Bun Cha HanoiPrint Recipe
- 500 g pork mince
- 50 g pork fat, roughly chopped
- 500 g pork belly, thinly sliced
- 1-3 garlic cloves
- 50 g sugar
- 100 ml fish sauce
- 5 red Asian shallots, diced
- pinch freshly ground white pepper
- 3 tbsp vegetable oil
- 100 g caster sugar
- 100 ml warm water
- 150 g white vinegar
- 200 g green papaya, peeled, seeded and thinly sliced
- 1 carrot, quartered lengthways and thinly sliced
- 250 ml chicken stock
- 200 ml warm water
- 140 g caster sugar
- 150 ml fish sauce
- 100 ml white vinegar
- 2 garlic cloves, finely chopped
- 2 birds eye chillies, finely chopped
- pinch freshly ground white pepper
- 100 g vermicelli, cooked and drained
- 1 bunch coral lettuce
- 1 bunch mint
- 1 bunch Vietnamese mint
- 1 bunch shiso (optional)
- For the marinade, combine all the ingredients in a small bowl.
- Place the minced pork and pork fat in a large mixing bowl and the pork belly in another bowl. Pour half the marinade over the pork mince and pork fat and the other half over the sliced pork belly and mix well to combine. Vigorously mix the pork mince to help bring the protein together. Scoop out the pork mince and then slap the mixture back into the bowl a few times to remove any air- this will help to prevent the mixture from falling apart when grilled. Cover and refrigerate the pork mince in and the sliced pork for at least 3 hours, or preferably overnight.
- Meanwhile, for the pickles, combine the sugar and warm water in a bowl and stir until the sugar has dissolved, then add the vinegar. Place the green papaya and carrot in a bowl, pour over the pickling liquid and set aside for at least 2 hours, ensuring the ingredients are fully submerged.
- Roll the minced pork mixture into golf ball-sized balls. If time permits you can then return to the refrigerator for 1-2 hours to firm up.
- Preheat the charcoal grill. You can use a barbecue grill for this dish, but you won't achieve the same smoky flavour.
- For the nuoc mam, warm the chicken broth in a small saucepan over medium heat. Place the warm water and sugar in a bowl and stir to dissolve the sugar. Stir in the fish sauce, vinegar, garlic and chilli.
- When the charcoal is ready, slightly flatten the pork balls using the palms of your hands, then transfer to the grill. Carefully add the pork belly, being careful of the flare ups from the fat dripping onto the charcoal (which will make the meat black and bitter tasting). Cook the meatballs and pork belly, turning regularly, for 7-10 minutes or until cooked through.

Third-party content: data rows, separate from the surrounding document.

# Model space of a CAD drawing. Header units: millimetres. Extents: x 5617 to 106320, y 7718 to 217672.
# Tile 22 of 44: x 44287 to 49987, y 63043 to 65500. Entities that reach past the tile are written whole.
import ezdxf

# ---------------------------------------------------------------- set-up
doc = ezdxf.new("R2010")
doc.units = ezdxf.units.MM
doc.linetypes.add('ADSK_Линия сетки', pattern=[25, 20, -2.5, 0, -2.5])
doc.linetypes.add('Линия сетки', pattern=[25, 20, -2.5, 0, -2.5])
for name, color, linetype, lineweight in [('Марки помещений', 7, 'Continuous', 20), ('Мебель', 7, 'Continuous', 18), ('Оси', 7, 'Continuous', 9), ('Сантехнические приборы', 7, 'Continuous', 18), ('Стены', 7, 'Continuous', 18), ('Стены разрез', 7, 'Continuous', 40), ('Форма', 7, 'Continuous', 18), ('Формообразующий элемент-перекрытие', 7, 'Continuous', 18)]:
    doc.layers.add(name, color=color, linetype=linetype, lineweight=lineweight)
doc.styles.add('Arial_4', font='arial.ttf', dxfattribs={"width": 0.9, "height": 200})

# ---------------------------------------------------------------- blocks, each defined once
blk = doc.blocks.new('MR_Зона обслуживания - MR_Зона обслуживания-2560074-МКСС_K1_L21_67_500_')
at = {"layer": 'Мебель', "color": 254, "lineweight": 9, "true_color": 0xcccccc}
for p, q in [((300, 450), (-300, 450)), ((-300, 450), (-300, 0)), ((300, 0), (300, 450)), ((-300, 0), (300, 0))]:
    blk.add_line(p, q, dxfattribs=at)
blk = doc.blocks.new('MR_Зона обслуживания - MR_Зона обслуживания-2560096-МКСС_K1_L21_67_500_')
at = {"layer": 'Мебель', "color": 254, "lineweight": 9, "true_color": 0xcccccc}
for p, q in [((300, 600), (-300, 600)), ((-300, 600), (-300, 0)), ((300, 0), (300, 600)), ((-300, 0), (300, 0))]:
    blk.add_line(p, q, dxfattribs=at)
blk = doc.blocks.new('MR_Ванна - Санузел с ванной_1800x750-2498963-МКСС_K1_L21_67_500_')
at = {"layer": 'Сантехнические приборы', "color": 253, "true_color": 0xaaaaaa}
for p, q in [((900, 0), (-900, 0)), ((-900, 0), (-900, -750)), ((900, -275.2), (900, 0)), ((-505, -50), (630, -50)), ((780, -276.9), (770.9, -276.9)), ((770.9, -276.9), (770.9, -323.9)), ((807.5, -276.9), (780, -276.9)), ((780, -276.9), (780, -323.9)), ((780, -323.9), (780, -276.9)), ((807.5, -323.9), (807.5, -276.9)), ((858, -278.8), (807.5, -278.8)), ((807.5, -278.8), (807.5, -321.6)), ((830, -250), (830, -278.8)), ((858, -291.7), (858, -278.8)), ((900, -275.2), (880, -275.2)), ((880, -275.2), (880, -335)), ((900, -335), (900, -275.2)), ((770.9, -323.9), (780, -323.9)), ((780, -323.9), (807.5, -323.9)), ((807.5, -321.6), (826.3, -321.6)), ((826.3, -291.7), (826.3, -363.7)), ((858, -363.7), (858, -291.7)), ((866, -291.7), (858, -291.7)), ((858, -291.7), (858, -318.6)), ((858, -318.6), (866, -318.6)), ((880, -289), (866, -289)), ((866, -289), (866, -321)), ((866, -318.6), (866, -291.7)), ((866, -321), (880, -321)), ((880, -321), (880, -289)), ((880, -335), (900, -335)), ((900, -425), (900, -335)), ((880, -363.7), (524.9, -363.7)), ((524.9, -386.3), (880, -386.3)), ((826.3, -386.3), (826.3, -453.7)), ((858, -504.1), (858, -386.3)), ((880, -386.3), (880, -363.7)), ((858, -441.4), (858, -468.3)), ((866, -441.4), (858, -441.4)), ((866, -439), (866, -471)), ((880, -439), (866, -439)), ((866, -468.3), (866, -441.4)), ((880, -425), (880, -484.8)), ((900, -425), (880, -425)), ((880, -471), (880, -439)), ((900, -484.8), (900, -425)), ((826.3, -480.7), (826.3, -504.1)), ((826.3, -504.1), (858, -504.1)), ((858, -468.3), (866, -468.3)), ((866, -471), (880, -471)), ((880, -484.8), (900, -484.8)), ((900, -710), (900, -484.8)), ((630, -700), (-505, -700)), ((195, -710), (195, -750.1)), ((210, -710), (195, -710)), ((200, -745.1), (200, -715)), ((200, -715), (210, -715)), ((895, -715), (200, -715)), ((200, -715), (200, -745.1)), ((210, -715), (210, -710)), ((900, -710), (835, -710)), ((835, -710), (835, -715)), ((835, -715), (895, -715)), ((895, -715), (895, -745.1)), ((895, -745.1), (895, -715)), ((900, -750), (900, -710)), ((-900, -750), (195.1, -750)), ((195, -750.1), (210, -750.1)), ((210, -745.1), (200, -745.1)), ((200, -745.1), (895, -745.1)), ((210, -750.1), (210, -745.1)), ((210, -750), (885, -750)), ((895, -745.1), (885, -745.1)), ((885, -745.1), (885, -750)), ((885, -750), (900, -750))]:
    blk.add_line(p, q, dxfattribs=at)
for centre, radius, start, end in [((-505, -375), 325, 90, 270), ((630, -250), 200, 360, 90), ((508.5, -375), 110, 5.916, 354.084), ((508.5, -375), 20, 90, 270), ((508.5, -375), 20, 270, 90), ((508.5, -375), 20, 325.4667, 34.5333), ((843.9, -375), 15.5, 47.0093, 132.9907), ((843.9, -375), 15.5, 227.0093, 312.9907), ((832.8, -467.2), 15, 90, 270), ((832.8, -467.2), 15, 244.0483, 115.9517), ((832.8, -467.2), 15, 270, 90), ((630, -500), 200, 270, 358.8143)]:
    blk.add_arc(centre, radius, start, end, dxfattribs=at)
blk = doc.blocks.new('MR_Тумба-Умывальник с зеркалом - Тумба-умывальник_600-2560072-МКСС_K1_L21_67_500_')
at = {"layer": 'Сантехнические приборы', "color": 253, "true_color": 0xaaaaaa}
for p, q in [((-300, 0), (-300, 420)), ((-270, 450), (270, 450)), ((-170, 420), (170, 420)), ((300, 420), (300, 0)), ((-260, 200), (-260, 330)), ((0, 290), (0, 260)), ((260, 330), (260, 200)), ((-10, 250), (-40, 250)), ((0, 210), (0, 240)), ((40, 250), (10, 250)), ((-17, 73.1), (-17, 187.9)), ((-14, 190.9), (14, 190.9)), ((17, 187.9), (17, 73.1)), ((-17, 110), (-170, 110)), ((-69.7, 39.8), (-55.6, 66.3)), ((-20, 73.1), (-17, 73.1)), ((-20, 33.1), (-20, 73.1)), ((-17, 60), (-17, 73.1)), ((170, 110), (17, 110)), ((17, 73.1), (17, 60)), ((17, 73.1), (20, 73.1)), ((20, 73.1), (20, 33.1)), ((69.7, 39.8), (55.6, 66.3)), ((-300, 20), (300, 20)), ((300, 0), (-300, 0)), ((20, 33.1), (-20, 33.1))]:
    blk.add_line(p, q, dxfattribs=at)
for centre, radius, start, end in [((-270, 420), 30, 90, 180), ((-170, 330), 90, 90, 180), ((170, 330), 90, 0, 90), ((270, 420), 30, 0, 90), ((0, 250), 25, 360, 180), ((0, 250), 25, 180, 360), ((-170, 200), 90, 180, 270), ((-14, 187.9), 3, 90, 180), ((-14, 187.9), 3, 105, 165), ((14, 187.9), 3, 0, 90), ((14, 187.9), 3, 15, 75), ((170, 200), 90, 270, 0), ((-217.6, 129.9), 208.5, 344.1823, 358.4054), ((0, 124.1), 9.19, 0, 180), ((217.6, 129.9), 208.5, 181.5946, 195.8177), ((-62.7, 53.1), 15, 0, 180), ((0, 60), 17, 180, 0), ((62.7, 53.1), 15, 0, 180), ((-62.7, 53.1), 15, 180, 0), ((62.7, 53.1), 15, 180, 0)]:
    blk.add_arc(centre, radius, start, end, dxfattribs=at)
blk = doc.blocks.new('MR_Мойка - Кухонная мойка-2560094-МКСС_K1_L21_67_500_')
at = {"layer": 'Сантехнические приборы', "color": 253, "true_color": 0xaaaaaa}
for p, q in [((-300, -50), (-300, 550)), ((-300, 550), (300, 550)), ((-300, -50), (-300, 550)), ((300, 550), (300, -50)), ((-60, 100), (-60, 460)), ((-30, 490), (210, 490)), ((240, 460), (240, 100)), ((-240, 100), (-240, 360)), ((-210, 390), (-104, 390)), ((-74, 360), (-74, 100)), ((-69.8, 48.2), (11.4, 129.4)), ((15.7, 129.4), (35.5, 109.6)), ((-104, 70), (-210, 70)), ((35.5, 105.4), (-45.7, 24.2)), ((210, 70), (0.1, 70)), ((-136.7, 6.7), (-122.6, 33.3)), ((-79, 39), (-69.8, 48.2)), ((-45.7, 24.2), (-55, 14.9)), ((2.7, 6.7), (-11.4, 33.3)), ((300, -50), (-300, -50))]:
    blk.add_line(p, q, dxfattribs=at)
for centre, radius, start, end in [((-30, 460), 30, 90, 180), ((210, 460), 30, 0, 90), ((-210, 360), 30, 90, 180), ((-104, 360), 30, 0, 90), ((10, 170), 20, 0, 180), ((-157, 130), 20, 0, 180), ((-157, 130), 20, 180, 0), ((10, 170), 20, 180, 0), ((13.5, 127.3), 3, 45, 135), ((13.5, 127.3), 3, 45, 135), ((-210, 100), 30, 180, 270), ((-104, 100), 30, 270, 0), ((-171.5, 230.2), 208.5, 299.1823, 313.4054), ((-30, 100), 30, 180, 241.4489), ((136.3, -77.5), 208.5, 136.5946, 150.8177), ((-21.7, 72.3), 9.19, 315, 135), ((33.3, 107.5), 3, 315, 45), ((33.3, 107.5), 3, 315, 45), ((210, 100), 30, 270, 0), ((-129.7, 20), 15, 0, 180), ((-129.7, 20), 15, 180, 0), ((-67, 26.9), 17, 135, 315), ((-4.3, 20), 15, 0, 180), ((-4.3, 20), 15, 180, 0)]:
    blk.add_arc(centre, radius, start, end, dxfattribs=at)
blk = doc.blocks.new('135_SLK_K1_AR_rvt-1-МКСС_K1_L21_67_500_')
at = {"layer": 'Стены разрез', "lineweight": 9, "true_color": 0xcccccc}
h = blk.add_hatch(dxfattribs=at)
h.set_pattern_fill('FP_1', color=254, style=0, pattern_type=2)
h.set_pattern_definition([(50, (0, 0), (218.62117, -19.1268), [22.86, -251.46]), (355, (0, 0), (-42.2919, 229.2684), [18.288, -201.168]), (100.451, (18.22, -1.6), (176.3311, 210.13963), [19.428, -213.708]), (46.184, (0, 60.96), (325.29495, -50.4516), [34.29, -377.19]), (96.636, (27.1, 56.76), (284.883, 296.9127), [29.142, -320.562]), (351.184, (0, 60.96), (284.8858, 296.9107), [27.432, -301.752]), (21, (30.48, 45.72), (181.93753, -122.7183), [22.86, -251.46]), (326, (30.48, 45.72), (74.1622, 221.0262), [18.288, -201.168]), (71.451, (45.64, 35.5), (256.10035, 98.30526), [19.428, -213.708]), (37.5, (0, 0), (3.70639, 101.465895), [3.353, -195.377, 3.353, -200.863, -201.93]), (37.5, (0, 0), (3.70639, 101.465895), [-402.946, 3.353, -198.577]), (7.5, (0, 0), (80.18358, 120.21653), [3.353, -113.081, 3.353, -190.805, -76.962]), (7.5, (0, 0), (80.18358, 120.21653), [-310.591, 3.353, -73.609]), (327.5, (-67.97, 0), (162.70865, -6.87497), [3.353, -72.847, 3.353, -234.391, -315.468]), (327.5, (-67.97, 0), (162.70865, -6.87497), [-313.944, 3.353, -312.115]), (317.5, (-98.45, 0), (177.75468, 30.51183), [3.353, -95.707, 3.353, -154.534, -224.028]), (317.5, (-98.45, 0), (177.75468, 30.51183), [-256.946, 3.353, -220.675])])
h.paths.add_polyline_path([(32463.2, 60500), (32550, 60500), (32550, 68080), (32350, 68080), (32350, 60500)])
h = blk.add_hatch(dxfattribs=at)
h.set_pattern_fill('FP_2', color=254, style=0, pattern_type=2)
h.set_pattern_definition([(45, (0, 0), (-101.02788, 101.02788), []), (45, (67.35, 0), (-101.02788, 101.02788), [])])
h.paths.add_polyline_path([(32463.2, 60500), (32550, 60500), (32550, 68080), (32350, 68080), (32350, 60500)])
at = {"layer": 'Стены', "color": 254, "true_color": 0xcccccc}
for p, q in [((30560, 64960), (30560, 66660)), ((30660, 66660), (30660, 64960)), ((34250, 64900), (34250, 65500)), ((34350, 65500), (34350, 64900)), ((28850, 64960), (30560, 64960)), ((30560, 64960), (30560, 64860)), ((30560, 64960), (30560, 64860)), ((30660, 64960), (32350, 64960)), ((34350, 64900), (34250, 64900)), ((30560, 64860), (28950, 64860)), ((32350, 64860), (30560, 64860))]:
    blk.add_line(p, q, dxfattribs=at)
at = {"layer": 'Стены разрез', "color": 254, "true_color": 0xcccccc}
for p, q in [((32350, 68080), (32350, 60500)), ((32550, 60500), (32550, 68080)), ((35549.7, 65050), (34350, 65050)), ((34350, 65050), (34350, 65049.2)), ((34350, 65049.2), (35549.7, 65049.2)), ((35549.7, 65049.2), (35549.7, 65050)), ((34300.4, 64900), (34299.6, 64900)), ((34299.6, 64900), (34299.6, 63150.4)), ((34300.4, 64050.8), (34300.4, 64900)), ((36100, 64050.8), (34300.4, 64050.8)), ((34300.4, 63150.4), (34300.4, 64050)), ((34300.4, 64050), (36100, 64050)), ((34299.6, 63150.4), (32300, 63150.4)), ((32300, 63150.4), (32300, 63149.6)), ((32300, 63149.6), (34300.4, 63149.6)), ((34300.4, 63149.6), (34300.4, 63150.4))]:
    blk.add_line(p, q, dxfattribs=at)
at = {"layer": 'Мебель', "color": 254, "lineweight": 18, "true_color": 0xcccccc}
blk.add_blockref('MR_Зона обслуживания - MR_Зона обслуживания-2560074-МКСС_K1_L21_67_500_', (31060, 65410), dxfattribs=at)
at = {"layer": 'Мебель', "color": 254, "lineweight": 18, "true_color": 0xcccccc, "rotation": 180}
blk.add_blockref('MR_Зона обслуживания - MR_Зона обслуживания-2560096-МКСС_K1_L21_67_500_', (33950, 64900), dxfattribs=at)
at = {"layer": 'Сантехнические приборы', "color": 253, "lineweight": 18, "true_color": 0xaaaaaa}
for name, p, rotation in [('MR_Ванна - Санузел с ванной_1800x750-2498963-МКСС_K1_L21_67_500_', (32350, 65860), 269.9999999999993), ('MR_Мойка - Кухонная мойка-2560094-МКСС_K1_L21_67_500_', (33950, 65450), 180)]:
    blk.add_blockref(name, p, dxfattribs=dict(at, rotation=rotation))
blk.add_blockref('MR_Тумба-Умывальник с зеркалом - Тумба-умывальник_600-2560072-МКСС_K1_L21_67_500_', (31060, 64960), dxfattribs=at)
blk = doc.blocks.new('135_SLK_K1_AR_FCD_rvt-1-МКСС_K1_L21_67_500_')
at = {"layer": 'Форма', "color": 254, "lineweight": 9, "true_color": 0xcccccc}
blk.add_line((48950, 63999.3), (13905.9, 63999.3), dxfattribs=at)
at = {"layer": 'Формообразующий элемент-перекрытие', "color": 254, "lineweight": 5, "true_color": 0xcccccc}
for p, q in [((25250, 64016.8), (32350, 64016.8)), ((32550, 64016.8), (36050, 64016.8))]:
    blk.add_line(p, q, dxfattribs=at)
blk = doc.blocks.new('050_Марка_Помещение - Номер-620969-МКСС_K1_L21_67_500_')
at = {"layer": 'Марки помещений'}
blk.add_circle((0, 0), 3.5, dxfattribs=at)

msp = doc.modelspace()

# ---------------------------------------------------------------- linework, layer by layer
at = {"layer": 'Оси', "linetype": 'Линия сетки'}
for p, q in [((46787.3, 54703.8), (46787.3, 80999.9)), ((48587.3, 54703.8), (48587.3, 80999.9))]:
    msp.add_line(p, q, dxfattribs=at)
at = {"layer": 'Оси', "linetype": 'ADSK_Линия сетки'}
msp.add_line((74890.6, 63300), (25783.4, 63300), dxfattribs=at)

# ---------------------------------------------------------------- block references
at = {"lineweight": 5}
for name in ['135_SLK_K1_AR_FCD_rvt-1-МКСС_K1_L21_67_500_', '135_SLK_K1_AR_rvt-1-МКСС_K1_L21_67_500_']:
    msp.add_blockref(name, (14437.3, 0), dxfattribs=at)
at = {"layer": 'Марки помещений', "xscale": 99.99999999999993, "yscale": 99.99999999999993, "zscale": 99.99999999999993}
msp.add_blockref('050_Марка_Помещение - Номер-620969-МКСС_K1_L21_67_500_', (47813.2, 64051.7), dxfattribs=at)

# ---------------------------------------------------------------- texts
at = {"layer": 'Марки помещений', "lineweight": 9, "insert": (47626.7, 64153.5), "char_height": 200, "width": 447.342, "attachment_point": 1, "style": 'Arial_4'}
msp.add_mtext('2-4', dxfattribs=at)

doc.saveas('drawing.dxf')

- To serve, place the cooked noodles and salad ingredients on a large serving platter. Drain the pickles and evenly divide amongst the small bowls. Add the meatballs and pork belly and evenly pour over the warm chicken broth and nuoc mam, finishing with a little pepper on top. Invite guests to dip a few noodles and herbs into their broth and eat, followed by mouthfuls of the meat and pickles.